Cree (NASDAQ:CREE) is one of the leading players in the light-emitting diode (LED) industry, which is expected to be worth $94 billion by 2020. The company has posted good revenue and earnings growth in the past few quarters, but its shares now trade close to its 52-week low. Since Cree is making aggressive investments to grow its business, the company's guidance hasn't matched Wall Street estimates of late, leading to a decline in the share price.
However, since Cree is a LED specialist, the company's prospects are strong as the market is huge. In addition, the company has successfully warded off competition from the likes of General Electric (NYSE:GE) so far due to its efficient products, and looks like a better buy than GE in this market. Hence, Cree warrants a closer look as it could be a good buy near its 52-week low.

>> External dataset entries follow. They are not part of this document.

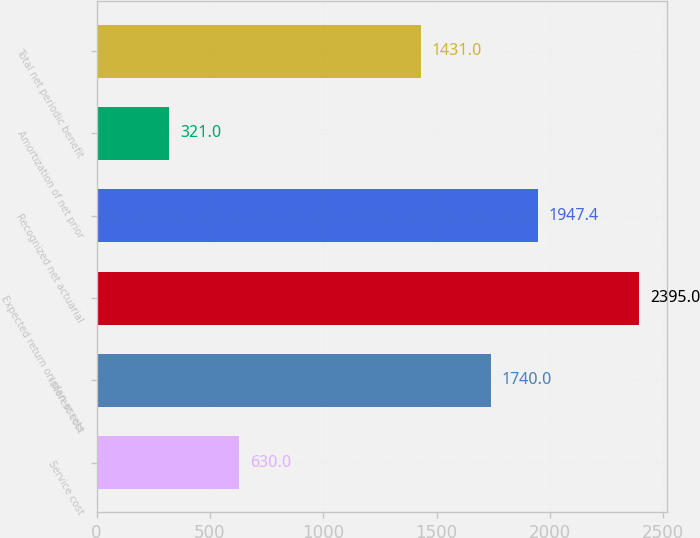Convert chart. <chart><loc_0><loc_0><loc_500><loc_500><bar_chart><fcel>Service cost<fcel>Interest cost<fcel>Expected return on plan assets<fcel>Recognized net actuarial<fcel>Amortization of net prior<fcel>Total net periodic benefit<nl><fcel>630<fcel>1740<fcel>2395<fcel>1947.4<fcel>321<fcel>1431<nl></chart> 
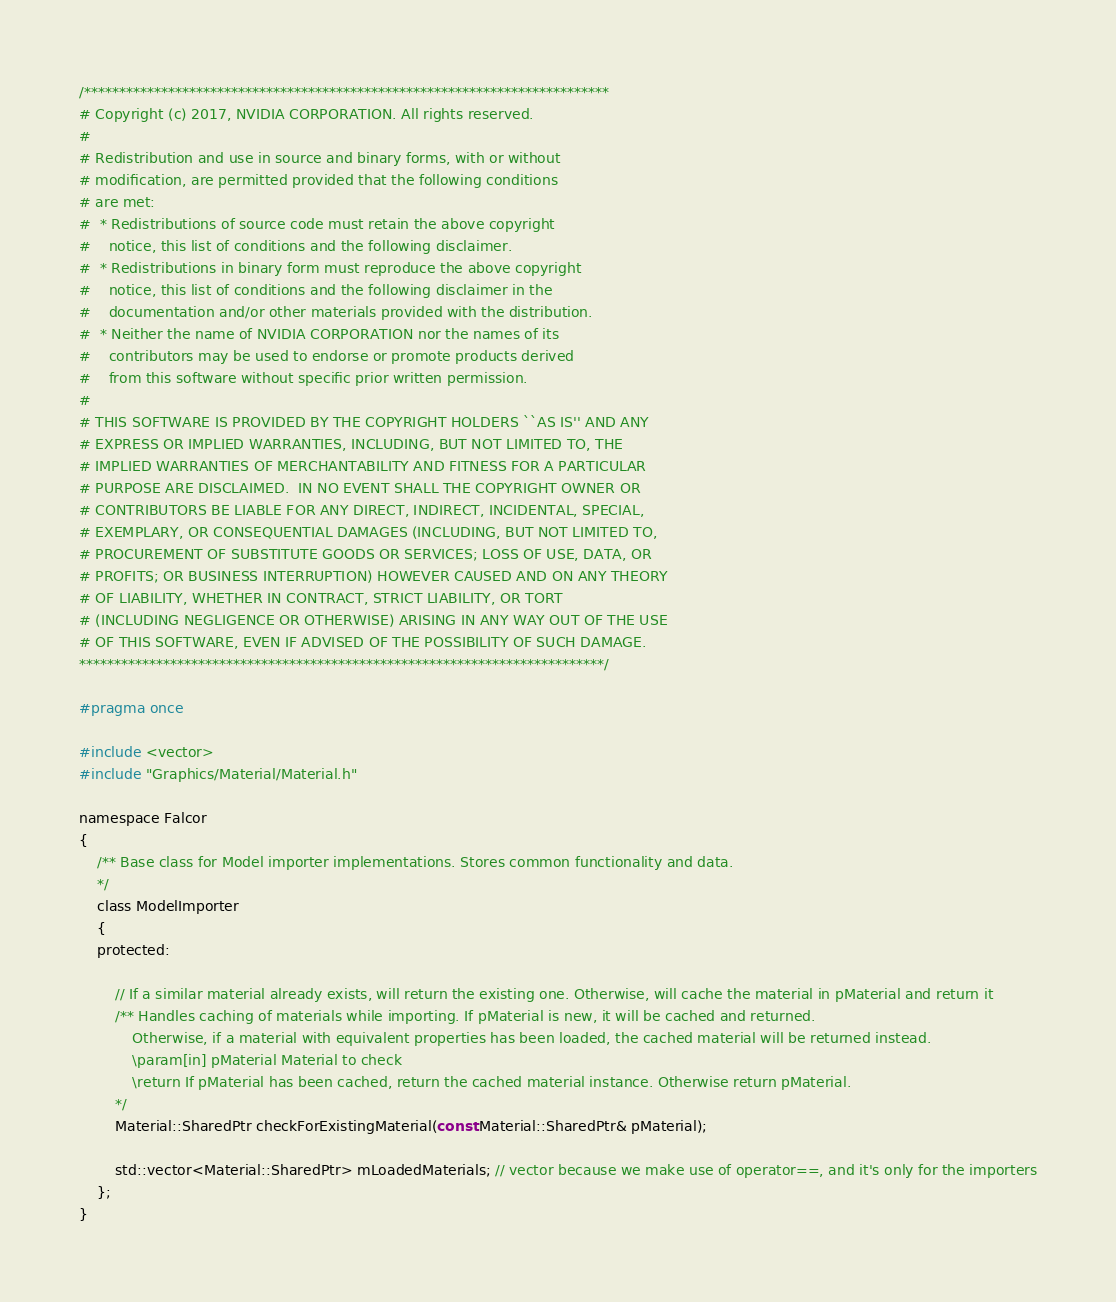<code> <loc_0><loc_0><loc_500><loc_500><_C_>/***************************************************************************
# Copyright (c) 2017, NVIDIA CORPORATION. All rights reserved.
#
# Redistribution and use in source and binary forms, with or without
# modification, are permitted provided that the following conditions
# are met:
#  * Redistributions of source code must retain the above copyright
#    notice, this list of conditions and the following disclaimer.
#  * Redistributions in binary form must reproduce the above copyright
#    notice, this list of conditions and the following disclaimer in the
#    documentation and/or other materials provided with the distribution.
#  * Neither the name of NVIDIA CORPORATION nor the names of its
#    contributors may be used to endorse or promote products derived
#    from this software without specific prior written permission.
#
# THIS SOFTWARE IS PROVIDED BY THE COPYRIGHT HOLDERS ``AS IS'' AND ANY
# EXPRESS OR IMPLIED WARRANTIES, INCLUDING, BUT NOT LIMITED TO, THE
# IMPLIED WARRANTIES OF MERCHANTABILITY AND FITNESS FOR A PARTICULAR
# PURPOSE ARE DISCLAIMED.  IN NO EVENT SHALL THE COPYRIGHT OWNER OR
# CONTRIBUTORS BE LIABLE FOR ANY DIRECT, INDIRECT, INCIDENTAL, SPECIAL,
# EXEMPLARY, OR CONSEQUENTIAL DAMAGES (INCLUDING, BUT NOT LIMITED TO,
# PROCUREMENT OF SUBSTITUTE GOODS OR SERVICES; LOSS OF USE, DATA, OR
# PROFITS; OR BUSINESS INTERRUPTION) HOWEVER CAUSED AND ON ANY THEORY
# OF LIABILITY, WHETHER IN CONTRACT, STRICT LIABILITY, OR TORT
# (INCLUDING NEGLIGENCE OR OTHERWISE) ARISING IN ANY WAY OUT OF THE USE
# OF THIS SOFTWARE, EVEN IF ADVISED OF THE POSSIBILITY OF SUCH DAMAGE.
***************************************************************************/

#pragma once

#include <vector>
#include "Graphics/Material/Material.h"

namespace Falcor
{
    /** Base class for Model importer implementations. Stores common functionality and data.
    */
    class ModelImporter
    {
    protected:

        // If a similar material already exists, will return the existing one. Otherwise, will cache the material in pMaterial and return it
        /** Handles caching of materials while importing. If pMaterial is new, it will be cached and returned. 
            Otherwise, if a material with equivalent properties has been loaded, the cached material will be returned instead.
            \param[in] pMaterial Material to check
            \return If pMaterial has been cached, return the cached material instance. Otherwise return pMaterial.
        */
        Material::SharedPtr checkForExistingMaterial(const Material::SharedPtr& pMaterial);

        std::vector<Material::SharedPtr> mLoadedMaterials; // vector because we make use of operator==, and it's only for the importers
    };
}
</code> 
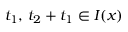Convert formula to latex. <formula><loc_0><loc_0><loc_500><loc_500>\, t _ { 1 } , \, t _ { 2 } + t _ { 1 } \in I ( x )</formula>

Attacking the market with innovative products
Cree is looking to take advantage of the increasing usage of LED lighting globally. To tap this market, the company is focusing on product innovation. Cree is looking to improve and refine its fixtures and bulbs to address customer demands in both the indoor and outdoor segments.
In line with its innovation strategy, Cree has introduced the SmartCast technology that can make an impact in the commercial lighting market. SmartCast is a self-programmable wireless lighting control system that incorporates both daylight harvesting and occupancy-sensing technologies into a single integrated platform. According to Cree, SmartCast delivers greater energy cost savings as compared to traditional lighting controls, paving the way for its adoption in the future.
In January, Cree introduced what it claims to be the brightest LED in the market with high color quality. Since Cree's LED products are already cost-effective, adding the brightest LED module to its portfolio will go a long way in enhancing its offerings.
Going forward, Cree is focusing on making its lights more energy efficient. So, the company has now introduced the LEDway HO series that delivers 50% energy savings as compared to 400 watt high-pressure sodium Roadway Luminaires. Cree has also introduced CXB High-Bay Luminaires that should reduce the need for energy wasting, high maintenance fluorescent and HID high bay luminaires. In addition, the CXB luminaires cut energy costs in half, while also eliminating maintenance costs.
Sizing up the peers
In the LED bulb segment, Cree's introduction of a new 75 watt warm and cool white replacement bulbs should drive revenue in the long run as consumers replace traditional bulbs with Cree's offerings. Moreover, since Cree's bulbs are cheaper than General Electric's, the company has an advantage. Cree's 40-watt warm white LED bulb costs just $8 (approx.) on Amazon. The bulb delivers 450 lumens and has 25,000 hours of claimed life. Also, the bulb consumes just 6 watt of power and delivers a color temperature of 2,700 Kelvin.
GE's bulb, on the other hand, is highly-priced at $25 on Amazon. However, it has higher wattage configurations of 7 watts and 9 watts. In addition, GE claims that this bulb will last for up to 15,000 hours, and deliver the same 450 lumens and 2,700 Kelvin as Cree's offering. So, GE's product is priced way higher than Cree and is not as efficient.
However, GE seems to be getting more serious about LED lighting. According to The Wall Street Journal:
GE Lighting introduces its most incandescent-like consumer LED portfolio yet, including more than 40 new LED products and fixtures, to meet consumer demand to adequately fill every socket in their homes with energy-efficient LED lighting.
From GE's 40-watt replacement LED, the world's first incandescent-shaped LED bulb to earn an ENERGY STAR(NYSE:R) rating, to today's third generation LED design, GE LEDs provide the same quality of light consumers love from GE's original incandescent.
However, GE has been late to the market where Cree's solution is already present. Moreover, a look at Cree's fundamentals will reveal that the company can continue making solid investments as it has a strong balance sheet in order to stay ahead of GE.
Solid fundamentals and valuation
Cree doesn't have any debt, while its cash position is very strong at $1.22 billion. Also, a current ratio of 6.76 indicates that it has enough liquidity to satisfy its obligations. The company has strong cash flow metrics as well. Cree's operating cash flow for the last twelve months is $290 million, while its levered cash flow is $122 million.
Even Cree's valuation appears to be quite attractive. While its trailing P/E looks high at 48 times earnings, the forward P/E is a very reasonable 25. Considering that Cree's earnings are expected to grow at a CAGR of 23% for the next five years, it looks like a solid investment.
On the other hand, GE, though a diversified player, isn't the best choice to profit from the LED market. GE's earnings are expected to grow at just 8.5% for the next five years. Hence, investors looking to benefit from LED growth should consider Cree rather than General Electric for their portfolio.
Disclosure: I have no positions in any stocks mentioned, and no plans to initiate any positions within the next 72 hours. I wrote this article myself, and it expresses my own opinions. I am not receiving compensation for it (other than from Seeking Alpha). I have no business relationship with any company whose stock is mentioned in this article.